Я таю. Боже! Я дура, но таю…
— М-м-м, — позорный стон щекочет горло. Обхватываю соседа рукой за шею, не то притягивая, не то для страховки — вот-вот упаду.
За что? Ну за что эта слабость дана? Проклятие…
Сдавленно сглатываю.
— Отпусти, — голос дрожит.
Секундная заминка.
— Правда этого хочешь? — Игнат продолжает подвергать испытанию мою психику и устойчивость, только теперь еще и второй рукой прогуливаясь по телу. Огладив плечо, руку… перекочевав на грудь. Но, зараза такая, не касаясь напряженных вершинок, а так… дразня, описывает круги.
— Лучше попроси тебя взять, — шероховато роняет, прикусывая мочку уха.
— Прошу, — всхлипываю, признавая его власть надо мной. — Не надо… — из последних сил, едва выглядывая из топи похоти.
Уже было оборвавшееся надсадное дыхание счастливого зверя, готового с рыком наброситься на поверженную жертву, вновь застревает в его груди.
— В глаза смотри! — охриплая команда заставляет очнуться.

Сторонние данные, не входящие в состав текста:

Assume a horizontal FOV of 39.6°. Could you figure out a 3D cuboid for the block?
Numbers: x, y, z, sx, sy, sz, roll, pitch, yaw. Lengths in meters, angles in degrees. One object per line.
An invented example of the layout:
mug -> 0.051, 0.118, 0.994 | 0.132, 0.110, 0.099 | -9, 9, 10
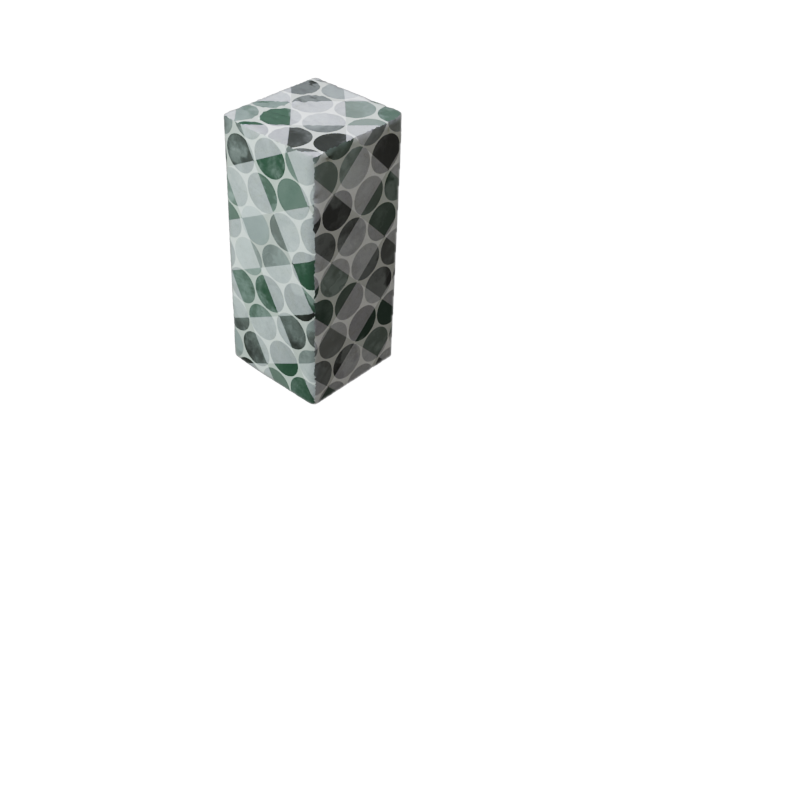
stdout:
block -> -0.063, -0.114, 0.804 | 0.096, 0.193, 0.091 | 30, 43, 33

Полная жесть. Смаргивая дурман, стыдливо пониманию, что с закрытыми глазами нежно мурлычу в объятиях соседа. Плавлюсь, как масло.
— В глаза посмотри и повтори!..
Никогда не думала, что глядя в эти невероятно серые блядские глаза, находясь в вопиюще неудобной ситуации и позе, четко помня о Лианге и Шумахере, я могу прозреть. Права Ксения!!! Я люблю этого безнравственного и глубоко аморального козла! С полным отсутствием элементарного желания быть обаятельным и нежным, вежливым и культурным. Без навета на романтику и нормальные свидания, как у других людей. Грубого, мерзкого типа, неисправимого матерщинника и непревзойденного циника. Хама и подлеца, беззаветно уверовавшего в собственную исключительность и вседозволенность. Плюющего на угрозы и многочисленные отказы. Купающегося во внимании толпы, которая обостряет его звездную болезнь до стадии «неизлечимо». Бессовестно соблазняющего, даже не наврав о светлых помыслах и благих намерениях на будущее. Ни намека на истинные чувства!!! Тупое, прямолинейное «хочу»!
Видимо, это его секрет на миллион. Школы пикаперов со своими детскими ужимками, стратегиями и потугами смешны и нелепы перед лицом такого ловеласа, как Селиверстов. Он банальной фразой «давай перепихнемся» может меня до оргазма довести…
И я согласна. Готова. Я… его. Как и остальные дурехи, кто был до меня и, скорее всего, будут.